======== Data for review ========

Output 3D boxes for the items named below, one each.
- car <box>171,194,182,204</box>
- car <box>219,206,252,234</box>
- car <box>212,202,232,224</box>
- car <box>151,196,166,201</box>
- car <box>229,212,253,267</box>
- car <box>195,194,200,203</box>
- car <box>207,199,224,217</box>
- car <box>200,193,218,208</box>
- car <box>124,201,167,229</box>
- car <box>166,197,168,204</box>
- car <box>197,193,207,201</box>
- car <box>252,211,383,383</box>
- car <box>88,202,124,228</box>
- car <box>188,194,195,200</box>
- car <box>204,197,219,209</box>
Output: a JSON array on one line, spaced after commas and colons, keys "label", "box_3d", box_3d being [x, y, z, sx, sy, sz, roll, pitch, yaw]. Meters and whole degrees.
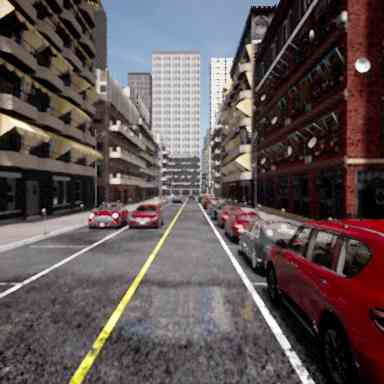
[{"label": "car", "box_3d": [-2.801, 1.566, 62.793, 1.895, 1.301, 4.718, 0, 0, 0]}, {"label": "car", "box_3d": [2.549, 1.575, 16.214, 1.802, 1.307, 4.206, -1, 0, 0]}, {"label": "car", "box_3d": [2.546, 1.572, 21.763, 1.802, 1.307, 4.206, -1, 0, 0]}, {"label": "car", "box_3d": [-5.348, 1.499, 49.314, 1.752, 1.417, 4.829, -1, 0, 0]}, {"label": "car", "box_3d": [2.551, 1.546, 10.665, 2.008, 1.369, 4.403, -1, 0, 0]}, {"label": "car", "box_3d": [2.196, 1.463, 70.397, 1.837, 1.490, 4.892, 0, 0, 0]}, {"label": "car", "box_3d": [2.543, 1.552, 27.312, 1.947, 1.339, 4.313, -1, 0, 0]}, {"label": "car", "box_3d": [2.532, 1.291, 43.959, 2.192, 1.841, 5.009, -1, 0, 0]}, {"label": "car", "box_3d": [-2.861, 1.515, 21.548, 1.812, 1.442, 4.674, 0, 0, 0]}, {"label": "car", "box_3d": [-5.354, 1.406, 60.581, 1.967, 1.590, 4.097, -1, 0, 0]}, {"label": "car", "box_3d": [2.514, 1.265, 82.802, 2.192, 1.841, 5.009, -1, 0, 0]}, {"label": "car", "box_3d": [2.550, 1.313, 5.116, 2.192, 1.841, 5.009, -1, 0, 0]}, {"label": "car", "box_3d": [-5.336, 1.430, 21.738, 1.967, 1.590, 4.097, -1, 0, 0]}, {"label": "car", "box_3d": [-0.043, 1.407, 89.910, 1.812, 1.442, 4.674, 0, 0, 0]}, {"label": "car", "box_3d": [2.540, 1.534, 32.861, 2.008, 1.369, 4.403, -1, 0, 0]}]

========

Problem to solve -
Exactly the lines from the one that contains "- car <box>88,202,124,228</box>" through the last line of the records should be set down, and the pictures should be dropped.

Response to this exercise -
- car <box>88,202,124,228</box>
- car <box>188,194,195,200</box>
- car <box>204,197,219,209</box>
Output: a JSON array on one line, spaced after commas and colons, keys "label", "box_3d", box_3d being [x, y, z, sx, sy, sz, roll, pitch, yaw]. Meters and whole degrees.
[{"label": "car", "box_3d": [-2.801, 1.566, 62.793, 1.895, 1.301, 4.718, 0, 0, 0]}, {"label": "car", "box_3d": [2.549, 1.575, 16.214, 1.802, 1.307, 4.206, -1, 0, 0]}, {"label": "car", "box_3d": [2.546, 1.572, 21.763, 1.802, 1.307, 4.206, -1, 0, 0]}, {"label": "car", "box_3d": [-5.348, 1.499, 49.314, 1.752, 1.417, 4.829, -1, 0, 0]}, {"label": "car", "box_3d": [2.551, 1.546, 10.665, 2.008, 1.369, 4.403, -1, 0, 0]}, {"label": "car", "box_3d": [2.196, 1.463, 70.397, 1.837, 1.490, 4.892, 0, 0, 0]}, {"label": "car", "box_3d": [2.543, 1.552, 27.312, 1.947, 1.339, 4.313, -1, 0, 0]}, {"label": "car", "box_3d": [2.532, 1.291, 43.959, 2.192, 1.841, 5.009, -1, 0, 0]}, {"label": "car", "box_3d": [-2.861, 1.515, 21.548, 1.812, 1.442, 4.674, 0, 0, 0]}, {"label": "car", "box_3d": [-5.354, 1.406, 60.581, 1.967, 1.590, 4.097, -1, 0, 0]}, {"label": "car", "box_3d": [2.514, 1.265, 82.802, 2.192, 1.841, 5.009, -1, 0, 0]}, {"label": "car", "box_3d": [2.550, 1.313, 5.116, 2.192, 1.841, 5.009, -1, 0, 0]}, {"label": "car", "box_3d": [-5.336, 1.430, 21.738, 1.967, 1.590, 4.097, -1, 0, 0]}, {"label": "car", "box_3d": [-0.043, 1.407, 89.910, 1.812, 1.442, 4.674, 0, 0, 0]}, {"label": "car", "box_3d": [2.540, 1.534, 32.861, 2.008, 1.369, 4.403, -1, 0, 0]}]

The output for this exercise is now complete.